From the theoretical perspective, the past years have seen a major effort in developing numerical simulations of galaxy formation and evolution that simultaneously describe the formation and evolution of GCs at high redshift and of YSCs in the local Universe. The impending observational revolution with the arrival of JWST, LSST, and 30-m class telescopes, combined with the recent observations of molecular gas with ALMA and galactic archaeological relics with Gaia, will for the first time allow the demographics of the cluster population predicted by these state-of-the-art numerical simulations to be tested as a function of cosmic time. This comprehensive range of tests is unprecedented and will lead to the most transformational change in our understanding of cluster formation across cosmic history that the field has ever experienced. In order to realise this major step, a number of key developments are necessary, both on the theoretical and observational fronts.

  1. 1.

    Numerical simulations of galaxy formation must include an accurate description of the cold ISM. The descriptions of cluster formation and evolution must account for the expected environmental dependences of these processes, and include a model for cluster disruption by tidal shocks. Suites of such simulations must cover a sufficiently large number of galaxies to probe how these processes and the resulting cluster demographics depend on the formation and assembly history of the host galaxy. Finally, in order to fully develop our understanding of tidal-shock driven cluster disruption, systematic suites of direct \(N\)-body simulations resolving the collisional stellar dynamics are needed. These should fully map a comprehensive parameter space of shock durations, strengths, and successions.

  2. 2.

    Observational programmes targeted at mapping the properties of proto-GC populations at high redshift with the next generation of telescopes should be allocated sufficient observing time to obtain a comprehensive census of the demographics of the cluster population, measuring the luminosity function, peak masses, and redshift distribution of the young GC population.
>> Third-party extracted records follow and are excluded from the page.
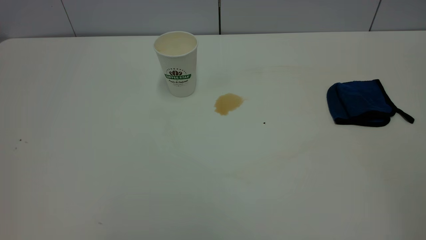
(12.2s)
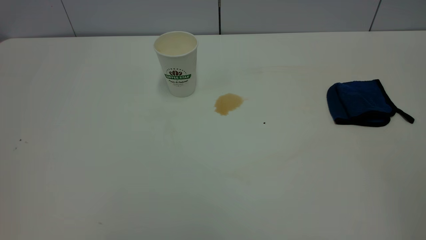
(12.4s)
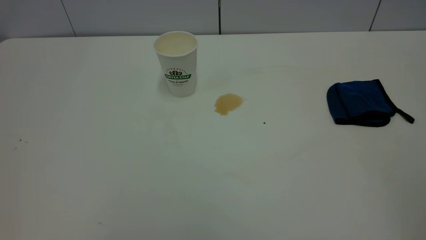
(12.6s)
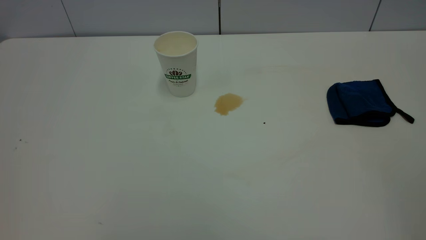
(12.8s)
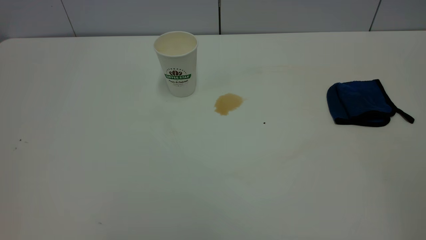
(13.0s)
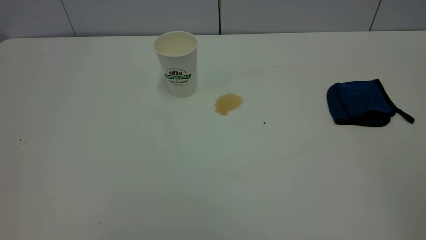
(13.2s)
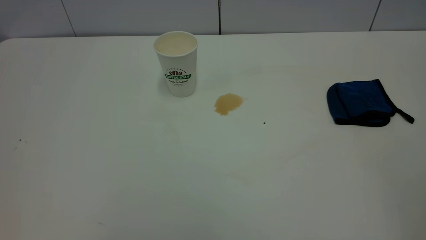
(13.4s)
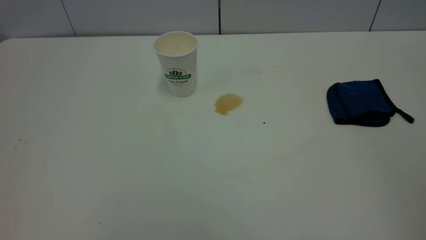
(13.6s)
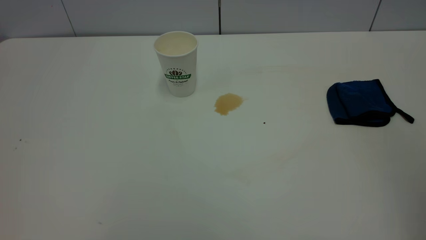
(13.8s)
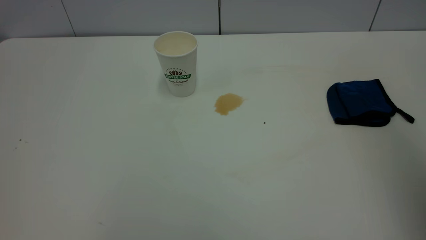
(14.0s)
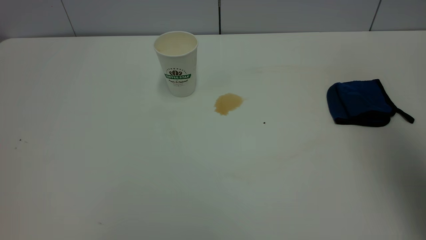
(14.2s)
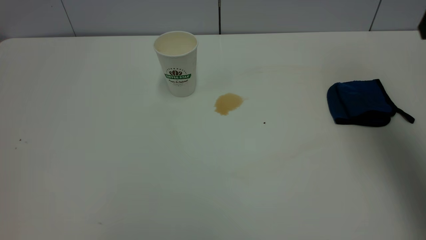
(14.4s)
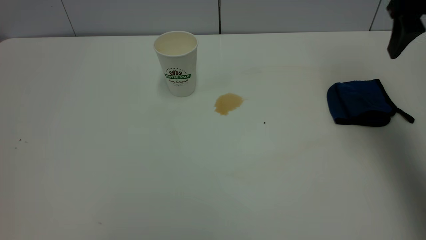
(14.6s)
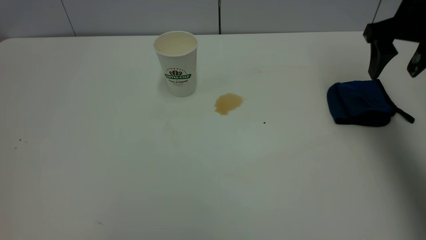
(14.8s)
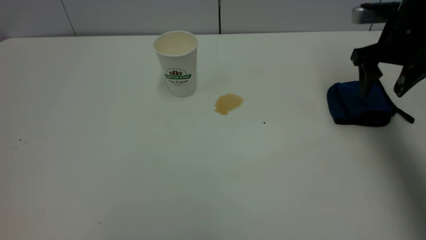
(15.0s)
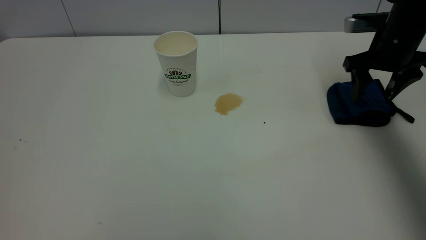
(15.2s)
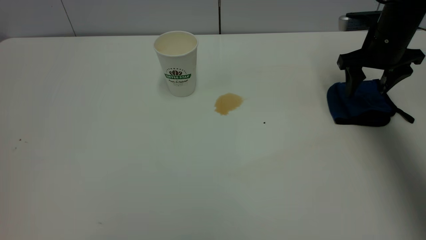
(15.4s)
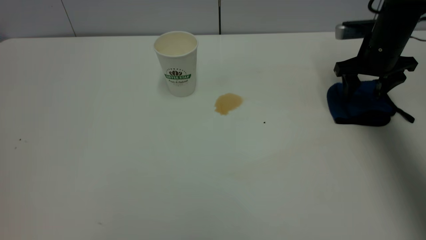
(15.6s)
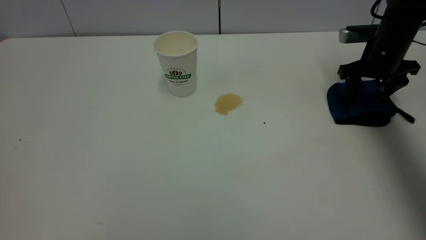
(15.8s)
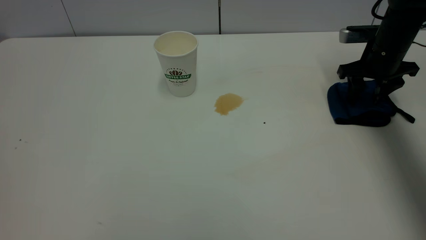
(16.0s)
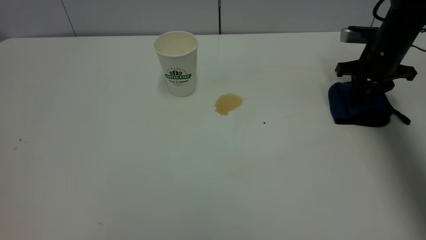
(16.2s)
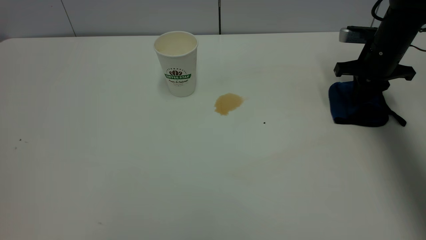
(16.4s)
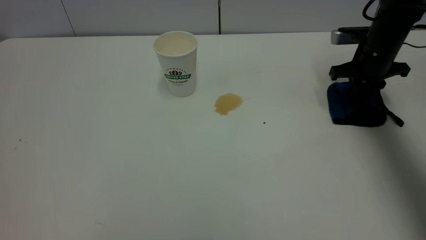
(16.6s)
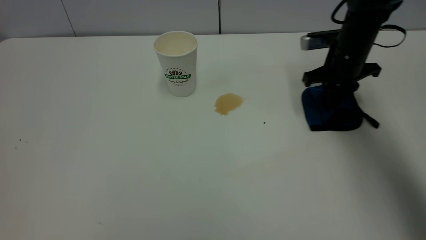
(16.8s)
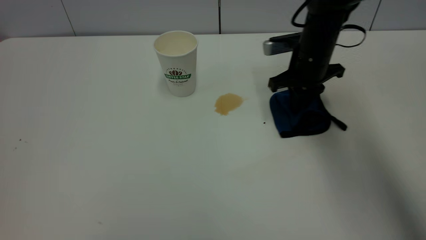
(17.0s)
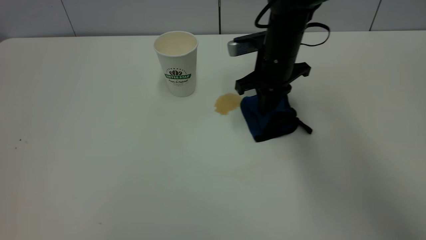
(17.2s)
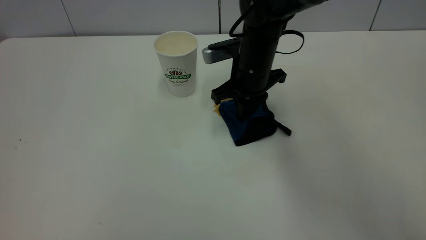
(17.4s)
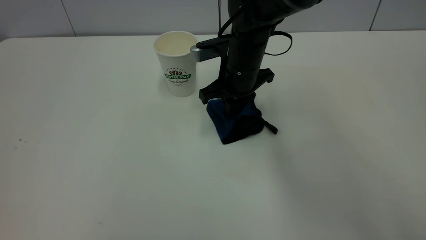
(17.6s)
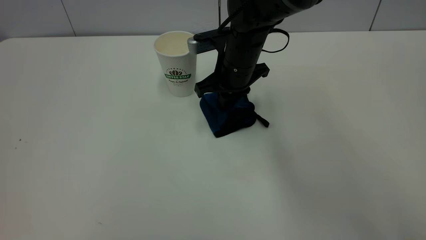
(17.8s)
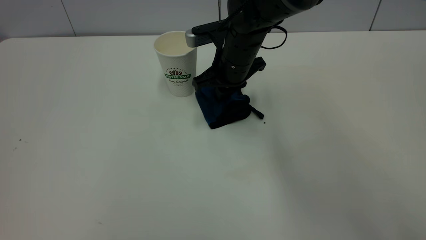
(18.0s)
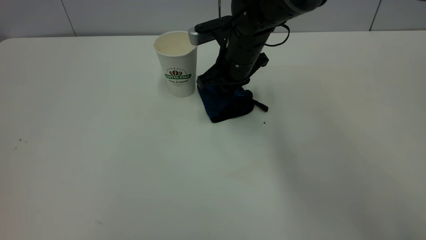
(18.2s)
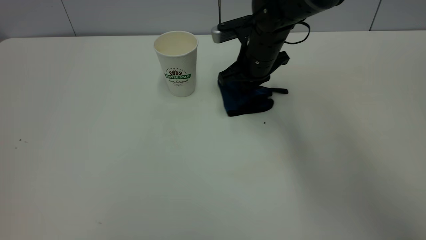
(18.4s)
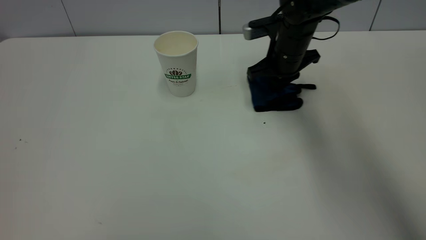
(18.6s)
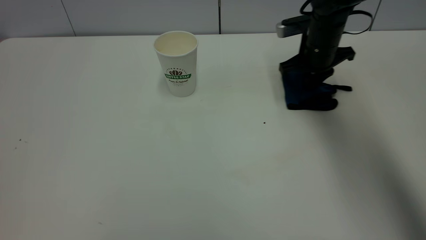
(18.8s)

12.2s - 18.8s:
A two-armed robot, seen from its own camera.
Task of the whole recording: the left gripper pick up the fallen cup and place it upright, the right gripper grasp the blue rag and wipe the tea stain on the table, the right gripper put the blue rag back in its original position.
13.8s - 15.4s: The right gripper shifts approximately 50 cm forward and downward.
15.4s - 17.2s: The right gripper moves to the left, about 20 cm, and closes.
17.2s - 18.8s: The right gripper moves to the right, roughly 10 cm.

Simultaneously, deep observations with 30-m class telescopes will be able to detect the brightest GCs at intermediate redshifts, revealing how the correlations between GC population properties (e.g. their numbers and the luminosities of the brightest GCs) and the host galaxy properties (e.g. mass, radius, metallicity) evolve with cosmic time. Finally, galactic archaeological surveys in the Milky Way and other galaxies must develop ways of statistically associating GCs with the enormous richness of fossil stellar streams that will be discovered, and thereby reconstructing the properties (e.g. masses and chemical compositions) of the disrupted galaxies that brought GCs into the halo of the central galaxy.

By connecting the above developments, the field will achieve a step-change in our understanding of cluster formation and evolution throughout cosmic history. In particular:

  1. 1.

    We will have a complete picture of the physics driving the cluster demographics as a function of cosmic time and environment.

  2. 2.

    We will be considerably closer to uncovering the intricate connection between stellar cluster populations and their host galaxies.

  3. 3.

    We will be able to use cluster populations as the fossils revealing the formation and assembly histories of galaxies.

HST brought about a true revolution in studies of stellar cluster populations, both young and old. While a much wider range of telescopes is necessary to make the next major step, and this will require a much closer connection to theoretical models than has been common practice in the past, this holistic approach will hopefully make the impact on our understanding of cluster formation and evolution even greater.